(258a) Designing Hydrogels with Responsive and Hierarchical Structures for Application As Well-Defined Synthetic Extracellular Matrices

The properties of the extracellular matrix (ECM) (e.g., multiscale structure, mechanics, binding sites) are essential for the function of connective tissues throughout the body, from the collagen-rich loose connective tissue within the lung to the aligned connective tissue of tendon. To study connective tissue healing processes in vitro as well as direct them in vivo, we have designed synthetic hydrogels that mimic key aspects of the collagen-rich ECM. These hydrogels are constructed by assembly of multifunctional collagen mimetic peptides (mfCMPs) designed with i) hydrogen bonding blocks for the formation of triple helices and control of their stability, ii) sticky ends for the formation of nano- and micro-fibrils, and iii) reactive handles, allyloxycarbonyl (alloc) and azide, for covalent crosslinking and labeling, respectively. We have established rapid, robust, and scalable workflows for synthesis of these mfCMPs to facilitate their use in the construction of hydrogels for both fundamental and translational applications.

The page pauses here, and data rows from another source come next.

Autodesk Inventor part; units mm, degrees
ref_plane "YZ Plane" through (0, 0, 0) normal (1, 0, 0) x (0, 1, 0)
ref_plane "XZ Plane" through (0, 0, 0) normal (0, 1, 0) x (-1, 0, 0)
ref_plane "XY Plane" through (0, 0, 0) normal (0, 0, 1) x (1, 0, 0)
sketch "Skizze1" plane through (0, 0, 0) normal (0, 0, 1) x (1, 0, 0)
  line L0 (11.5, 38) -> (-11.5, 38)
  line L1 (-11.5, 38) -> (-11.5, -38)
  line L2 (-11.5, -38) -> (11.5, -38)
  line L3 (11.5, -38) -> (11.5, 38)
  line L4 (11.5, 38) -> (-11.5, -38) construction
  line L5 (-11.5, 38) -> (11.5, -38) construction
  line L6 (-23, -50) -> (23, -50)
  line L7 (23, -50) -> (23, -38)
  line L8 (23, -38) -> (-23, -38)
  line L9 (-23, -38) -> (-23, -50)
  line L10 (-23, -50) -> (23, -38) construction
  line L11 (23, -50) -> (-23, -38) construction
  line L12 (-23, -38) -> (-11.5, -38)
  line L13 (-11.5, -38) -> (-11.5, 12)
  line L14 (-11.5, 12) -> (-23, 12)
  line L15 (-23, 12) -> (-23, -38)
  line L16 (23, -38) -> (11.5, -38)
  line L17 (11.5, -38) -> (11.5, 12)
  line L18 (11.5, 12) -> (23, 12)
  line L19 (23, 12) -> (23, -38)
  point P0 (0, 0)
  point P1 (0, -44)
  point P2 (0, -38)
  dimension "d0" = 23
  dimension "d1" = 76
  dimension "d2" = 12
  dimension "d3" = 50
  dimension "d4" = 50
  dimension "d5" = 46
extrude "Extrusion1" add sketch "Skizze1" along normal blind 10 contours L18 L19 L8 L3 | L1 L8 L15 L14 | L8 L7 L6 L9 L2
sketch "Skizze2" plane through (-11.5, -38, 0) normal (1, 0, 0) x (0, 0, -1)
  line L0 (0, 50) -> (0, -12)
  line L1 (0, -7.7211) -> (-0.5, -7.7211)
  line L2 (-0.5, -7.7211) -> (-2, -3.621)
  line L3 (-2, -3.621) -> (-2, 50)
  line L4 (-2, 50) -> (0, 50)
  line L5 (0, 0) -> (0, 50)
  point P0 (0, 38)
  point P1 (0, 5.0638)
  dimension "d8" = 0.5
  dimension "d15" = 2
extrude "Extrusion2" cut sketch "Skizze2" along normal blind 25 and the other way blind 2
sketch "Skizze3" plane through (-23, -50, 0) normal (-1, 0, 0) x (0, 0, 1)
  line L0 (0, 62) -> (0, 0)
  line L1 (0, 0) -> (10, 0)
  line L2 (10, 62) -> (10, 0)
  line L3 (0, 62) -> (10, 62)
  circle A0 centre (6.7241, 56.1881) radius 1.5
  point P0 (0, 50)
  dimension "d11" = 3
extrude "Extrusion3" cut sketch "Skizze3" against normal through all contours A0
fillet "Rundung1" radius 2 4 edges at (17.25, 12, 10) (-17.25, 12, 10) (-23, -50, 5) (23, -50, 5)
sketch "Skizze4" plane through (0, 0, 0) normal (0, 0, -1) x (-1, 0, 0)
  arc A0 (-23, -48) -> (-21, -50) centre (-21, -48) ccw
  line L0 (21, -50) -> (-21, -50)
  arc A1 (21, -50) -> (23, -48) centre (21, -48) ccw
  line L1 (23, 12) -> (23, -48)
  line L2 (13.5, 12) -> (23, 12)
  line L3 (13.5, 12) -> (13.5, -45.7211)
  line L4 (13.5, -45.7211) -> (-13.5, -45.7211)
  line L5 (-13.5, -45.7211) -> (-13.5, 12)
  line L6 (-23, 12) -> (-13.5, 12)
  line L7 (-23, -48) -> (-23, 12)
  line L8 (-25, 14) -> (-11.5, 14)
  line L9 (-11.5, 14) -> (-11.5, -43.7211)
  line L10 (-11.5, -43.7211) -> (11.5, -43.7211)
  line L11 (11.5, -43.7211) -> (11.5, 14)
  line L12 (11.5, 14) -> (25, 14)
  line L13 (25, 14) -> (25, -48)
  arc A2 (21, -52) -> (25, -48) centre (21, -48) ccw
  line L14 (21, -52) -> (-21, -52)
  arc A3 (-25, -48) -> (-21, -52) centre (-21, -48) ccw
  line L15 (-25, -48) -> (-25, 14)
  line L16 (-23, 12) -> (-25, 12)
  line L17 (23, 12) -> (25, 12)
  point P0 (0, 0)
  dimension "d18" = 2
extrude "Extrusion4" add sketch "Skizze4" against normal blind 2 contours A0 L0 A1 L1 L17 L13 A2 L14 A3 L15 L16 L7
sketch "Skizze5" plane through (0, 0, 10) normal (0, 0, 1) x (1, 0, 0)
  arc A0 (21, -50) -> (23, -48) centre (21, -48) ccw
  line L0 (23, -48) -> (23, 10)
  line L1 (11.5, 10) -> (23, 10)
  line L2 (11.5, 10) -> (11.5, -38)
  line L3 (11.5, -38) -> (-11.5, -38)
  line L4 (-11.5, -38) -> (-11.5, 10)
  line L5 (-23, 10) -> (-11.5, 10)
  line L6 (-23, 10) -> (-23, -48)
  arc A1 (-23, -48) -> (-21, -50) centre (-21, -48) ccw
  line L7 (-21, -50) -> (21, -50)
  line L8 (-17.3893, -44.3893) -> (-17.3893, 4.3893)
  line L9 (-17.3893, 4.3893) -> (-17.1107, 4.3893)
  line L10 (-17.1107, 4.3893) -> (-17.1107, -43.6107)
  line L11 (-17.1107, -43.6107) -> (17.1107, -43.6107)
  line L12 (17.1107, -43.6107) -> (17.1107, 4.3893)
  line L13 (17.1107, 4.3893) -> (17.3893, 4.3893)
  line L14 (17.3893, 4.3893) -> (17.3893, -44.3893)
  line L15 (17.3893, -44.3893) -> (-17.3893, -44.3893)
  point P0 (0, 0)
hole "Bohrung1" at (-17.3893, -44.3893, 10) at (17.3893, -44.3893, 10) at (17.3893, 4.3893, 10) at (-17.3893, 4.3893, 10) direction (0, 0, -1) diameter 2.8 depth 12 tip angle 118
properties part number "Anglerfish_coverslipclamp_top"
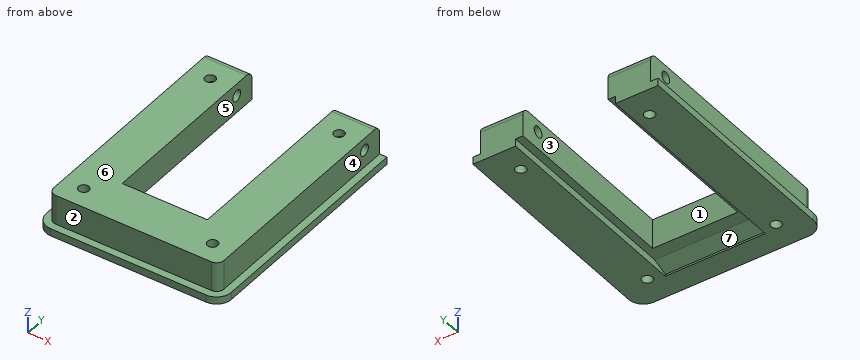
Source: CAD feature listing. Evaluate the final solid. Frame: model axes, mm. Face numbers are marked on the shaded views. A direction names the side the tool comes from. Coordinates: 2 decimals unless noted, no trailing zeros. Loops run counter-clockwise (first coordinate to the right, second up) from the corner with the lowest first, then second, coordinate; pieces in that order, holes last. Notation, with made-up numbers: M 12.5,-10.5 L 29.5,-10.5 A28 ccw 29.5,7.5 Z; hole C 23.5,-27 d11. An arc over 180 degrees is marked long. Use a Markdown table: item, result. Add a question column.
Q1. Section query A-A, the plane z = 6. Return loops of the section in (x, y), and give its area (3 significant figures).
Q2. Section query C-C, the plane x = 0.5. Return loops of the section in (y, z).
Q3. Access query for the marked faces 5, 6 and 7. Directions: +Z, -Z, +X, -X, +Y, -Y. A direction counts if a zero-diameter tool reaches every point of the face in a straight line with its end or side. Return the directions, or none.
Q4. Material intervals for L1, parallel to Y at x = -17.5, z = 3.5; L2, parallel to X at y = -44.5, z = 6.25; L3, parallel to X at y = -10.5, z = 6.25, sorted ascending.
Q5. Draft query along X for the marked faces 1, 2, 3 and 4. Return one class per face: pulls with the +X half, pulls with the -X half, needs draft (parallel to the pull), parting line crosses it, or undercut.
Q6. Section query B-B, the plane y = -22.5. Return loops of the section in (x, z).
Q7. Section query D-D, the plane y = -46.5. Return loops of the section in (x, z).
Q8. First-contact query: pin 1 (2.5 mm diameter, centred on y = -27, z = 7.5, fed in from +X); pin 2 (1.5 mm diameter, centred on x = 6.5, z = 5.5, fed in from +Y); pin 3 (13.5 mm diameter, centred on x = 4, y = -26, fed in from -Z); pin 4 (5 mm diameter, centred on y = 6.19, z = 6.72, fed in from -X). Flat tips, straight axial feed; report the tip coordinate or a pass-through.
Result:
| question | item | result |
|---|---|---|
| 1 | outline | M -23,-48 A2 ccw -21,-50 L 21,-50 A2 ccw 23,-48 L 23,4.87 L 18.7,4.87 A1.4 cw long 16.08,4.87 L 11.5,4.87 L 11.5,-38 L -11.5,-38 L -11.5,4.87 L -16.08,4.87 A1.4 cw long -18.7,4.87 L -23,4.87 Z; M -23,7.5 L -11.5,7.5 L -11.5,12 L -23,12 Z; M 11.5,7.5 L 23,7.5 L 23,12 L 11.5,12 Z; hole C -17.39,-44.39 d2.8; hole C 17.39,-44.39 d2.8 |
| 1 | area | 1,620 mm2 |
| 2 | outline | M -52,0 L -45.72,0 L -45.72,0.5 L -41.62,2 L -38,2 L -38,10 L -50,10 L -50,2 L -52,2 Z |
| 3 | face 5 | +Z, -Z, +Y |
| 3 | face 6 | +Z, +X, -X, +Y, -Y |
| 3 | face 7 | -Z, +Y |
| 4 | L1 | y = -50 to -45.78, -42.99 to 2.99, 5.78 to 12 |
| 4 | L2 | x = -23 to -18.78, -15.99 to 15.99, 18.78 to 23 |
| 4 | L3 | x = -23 to -11.5, 11.5 to 23 |
| 5 | face 1 | undercut |
| 5 | face 2 | needs draft |
| 5 | face 3 | undercut |
| 5 | face 4 | pulls with the +X half |
| 6 | outline | M -25,0 L -13.5,0 L -13.5,2 L -11.5,2 L -11.5,10 L -23,10 L -23,2 L -25,2 Z; M 11.5,2 L 13.5,2 L 13.5,0 L 25,0 L 25,2 L 23,2 L 23,10 L 11.5,10 Z |
| 7 | outline | M -25,0 L 25,0 L 25,2 L 23,2 L 23,10 L -23,10 L -23,2 L -25,2 Z |
| 8 | pin 1 | stops at x = 23 |
| 8 | pin 2 | stops at y = -38 |
| 8 | pin 3 | passes through |
| 8 | pin 4 | stops at x = -23 |

Specifically, these assembled structures were crosslinked by photopolymerization with multi-arm poly(ethylene glycol) (PEG) tetrathiol, a difunctional alloc cell-degradable peptide, and a monofunctional alloc integrin-binding peptide, allowing control of the structure, mechanical properties, and bioactivity of the resulting hydrogels. Human mesenchymal stem cells (hMSCs) encapsulated within these mfCMP hydrogels exhibit good viability (>85%) and significant elongation during three-dimensional culture, along with deposition of cell-secreted collagen I amongst other proteins, where the underlying fibrous hydrogel structure can be examined in three dimensions with high-resolution confocal microscopy. Further, in response to a chemokine gradient, these hMSCs exhibit directional migration and enhanced motility relative to more homogeneously-structured PEG-peptide hydrogels without mfCMPs. Our on-going work is investigating the use of these collagen mimetic materials for more fundamental studies to examine cell responses in fibrous wound-healing microenvironments, as well as for triggered property modulation, and for translational studies to implement these materials in tissues toward enhanced regeneration.